- YOUR ASSIGNMENT
Each line of the records must appear in your answer exactly, with no pictures.

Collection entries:

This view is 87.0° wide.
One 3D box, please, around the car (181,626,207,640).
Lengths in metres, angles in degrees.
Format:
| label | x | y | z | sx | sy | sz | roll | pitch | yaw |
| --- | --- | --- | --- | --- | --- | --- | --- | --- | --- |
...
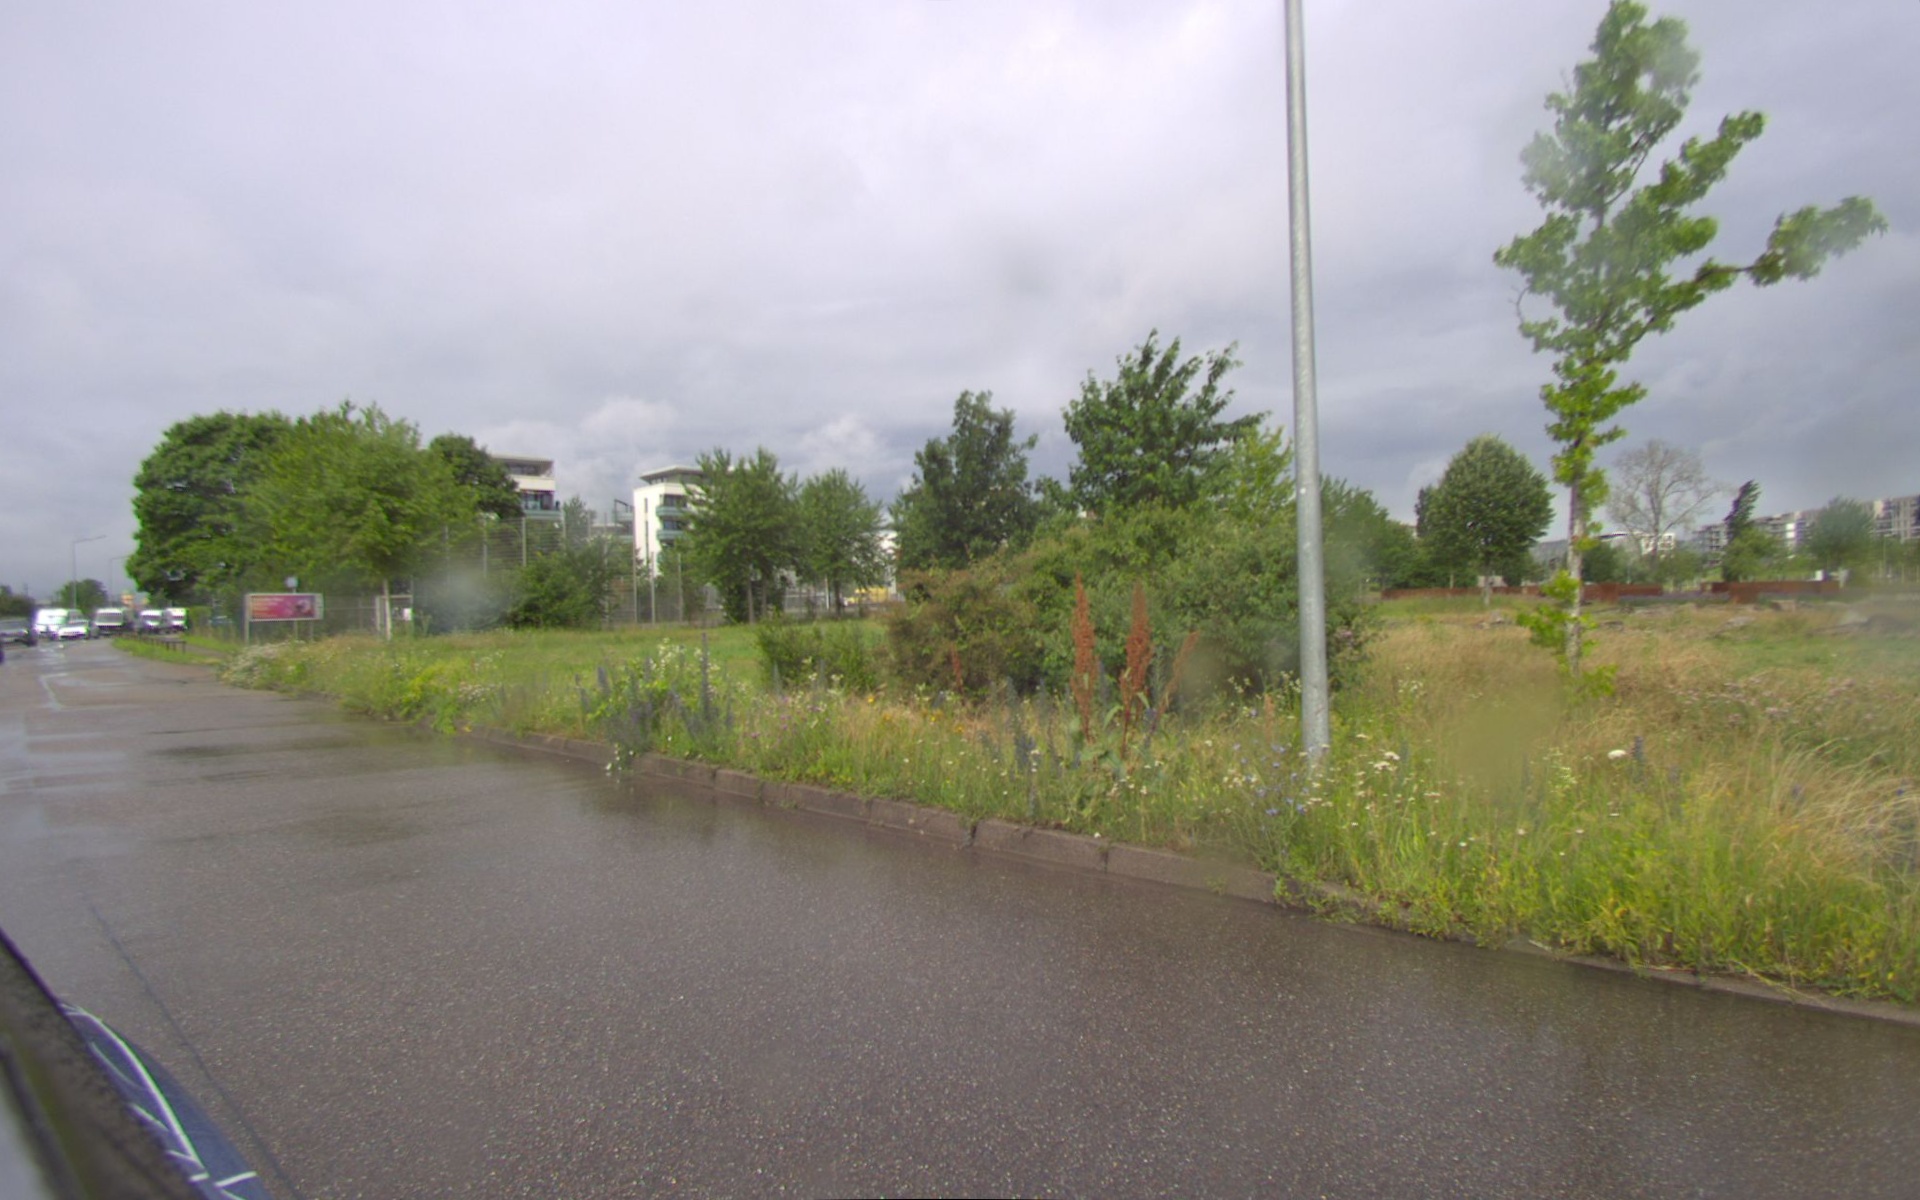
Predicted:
| label | x | y | z | sx | sy | sz | roll | pitch | yaw |
| --- | --- | --- | --- | --- | --- | --- | --- | --- | --- |
| car | -86.448 | 3.711 | 114.238 | 1.811 | 1.530 | 4.370 | -1 | 0 | -30 |

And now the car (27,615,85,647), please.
| label | x | y | z | sx | sy | sz | roll | pitch | yaw |
| --- | --- | --- | --- | --- | --- | --- | --- | --- | --- |
| car | -72.868 | 2.470 | 81.671 | 2.062 | 2.491 | 5.966 | 0 | -1 | -28 |

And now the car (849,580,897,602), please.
| label | x | y | z | sx | sy | sz | roll | pitch | yaw |
| --- | --- | --- | --- | --- | --- | --- | --- | --- | --- |
| car | -11.728 | -1.172 | 136.749 | 6.538 | 2.633 | 1.970 | -4 | 2 | -40 |

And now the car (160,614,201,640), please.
| label | x | y | z | sx | sy | sz | roll | pitch | yaw |
| --- | --- | --- | --- | --- | --- | --- | --- | --- | --- |
| car | -93.365 | 3.248 | 121.379 | 2.436 | 2.978 | 6.909 | 0 | -1 | -25 |

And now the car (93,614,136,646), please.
| label | x | y | z | sx | sy | sz | roll | pitch | yaw |
| --- | --- | --- | --- | --- | --- | --- | --- | --- | --- |
| car | -81.018 | 2.843 | 96.993 | 2.114 | 2.905 | 5.292 | 2 | -2 | -29 |

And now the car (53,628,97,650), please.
| label | x | y | z | sx | sy | sz | roll | pitch | yaw |
| --- | --- | --- | --- | --- | --- | --- | --- | --- | --- |
| car | -67.029 | 2.899 | 76.684 | 1.812 | 1.530 | 4.370 | -1 | 0 | -32 |

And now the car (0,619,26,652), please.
| label | x | y | z | sx | sy | sz | roll | pitch | yaw |
| --- | --- | --- | --- | --- | --- | --- | --- | --- | --- |
| car | -54.450 | 2.045 | 57.412 | 1.982 | 1.718 | 4.332 | -5 | 2 | -44 |

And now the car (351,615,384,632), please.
| label | x | y | z | sx | sy | sz | roll | pitch | yaw |
| --- | --- | --- | --- | --- | --- | --- | --- | --- | --- |
| car | -55.585 | 2.173 | 94.880 | 4.131 | 1.406 | 1.664 | -1 | 2 | 45 |

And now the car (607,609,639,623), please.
| label | x | y | z | sx | sy | sz | roll | pitch | yaw |
| --- | --- | --- | --- | --- | --- | --- | --- | --- | --- |
| car | -37.240 | 1.724 | 111.657 | 4.187 | 1.406 | 1.620 | -1 | 2 | 45 |

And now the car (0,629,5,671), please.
| label | x | y | z | sx | sy | sz | roll | pitch | yaw |
| --- | --- | --- | --- | --- | --- | --- | --- | --- | --- |
| car | -36.984 | 1.836 | 37.762 | 1.847 | 1.531 | 4.361 | 4 | -4 | -43 |

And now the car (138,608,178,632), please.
| label | x | y | z | sx | sy | sz | roll | pitch | yaw |
| --- | --- | --- | --- | --- | --- | --- | --- | --- | --- |
| car | -87.879 | 2.172 | 110.982 | 2.039 | 2.548 | 6.679 | 0 | -2 | -26 |

- ANSWER TO THIS EXERCISE
This view is 87.0° wide.
One 3D box, please, around the car (181,626,207,640).
Lengths in metres, angles in degrees.
Format:
| label | x | y | z | sx | sy | sz | roll | pitch | yaw |
| --- | --- | --- | --- | --- | --- | --- | --- | --- | --- |
...
Predicted:
| label | x | y | z | sx | sy | sz | roll | pitch | yaw |
| --- | --- | --- | --- | --- | --- | --- | --- | --- | --- |
| car | -86.448 | 3.711 | 114.238 | 1.811 | 1.530 | 4.370 | -1 | 0 | -30 |

And now the car (27,615,85,647), please.
| label | x | y | z | sx | sy | sz | roll | pitch | yaw |
| --- | --- | --- | --- | --- | --- | --- | --- | --- | --- |
| car | -72.868 | 2.470 | 81.671 | 2.062 | 2.491 | 5.966 | 0 | -1 | -28 |

And now the car (849,580,897,602), please.
| label | x | y | z | sx | sy | sz | roll | pitch | yaw |
| --- | --- | --- | --- | --- | --- | --- | --- | --- | --- |
| car | -11.728 | -1.172 | 136.749 | 6.538 | 2.633 | 1.970 | -4 | 2 | -40 |

And now the car (160,614,201,640), please.
| label | x | y | z | sx | sy | sz | roll | pitch | yaw |
| --- | --- | --- | --- | --- | --- | --- | --- | --- | --- |
| car | -93.365 | 3.248 | 121.379 | 2.436 | 2.978 | 6.909 | 0 | -1 | -25 |

And now the car (93,614,136,646), please.
| label | x | y | z | sx | sy | sz | roll | pitch | yaw |
| --- | --- | --- | --- | --- | --- | --- | --- | --- | --- |
| car | -81.018 | 2.843 | 96.993 | 2.114 | 2.905 | 5.292 | 2 | -2 | -29 |

And now the car (53,628,97,650), please.
| label | x | y | z | sx | sy | sz | roll | pitch | yaw |
| --- | --- | --- | --- | --- | --- | --- | --- | --- | --- |
| car | -67.029 | 2.899 | 76.684 | 1.812 | 1.530 | 4.370 | -1 | 0 | -32 |

And now the car (0,619,26,652), please.
| label | x | y | z | sx | sy | sz | roll | pitch | yaw |
| --- | --- | --- | --- | --- | --- | --- | --- | --- | --- |
| car | -54.450 | 2.045 | 57.412 | 1.982 | 1.718 | 4.332 | -5 | 2 | -44 |

And now the car (351,615,384,632), please.
| label | x | y | z | sx | sy | sz | roll | pitch | yaw |
| --- | --- | --- | --- | --- | --- | --- | --- | --- | --- |
| car | -55.585 | 2.173 | 94.880 | 4.131 | 1.406 | 1.664 | -1 | 2 | 45 |

And now the car (607,609,639,623), please.
| label | x | y | z | sx | sy | sz | roll | pitch | yaw |
| --- | --- | --- | --- | --- | --- | --- | --- | --- | --- |
| car | -37.240 | 1.724 | 111.657 | 4.187 | 1.406 | 1.620 | -1 | 2 | 45 |

And now the car (0,629,5,671), please.
| label | x | y | z | sx | sy | sz | roll | pitch | yaw |
| --- | --- | --- | --- | --- | --- | --- | --- | --- | --- |
| car | -36.984 | 1.836 | 37.762 | 1.847 | 1.531 | 4.361 | 4 | -4 | -43 |

And now the car (138,608,178,632), please.
| label | x | y | z | sx | sy | sz | roll | pitch | yaw |
| --- | --- | --- | --- | --- | --- | --- | --- | --- | --- |
| car | -87.879 | 2.172 | 110.982 | 2.039 | 2.548 | 6.679 | 0 | -2 | -26 |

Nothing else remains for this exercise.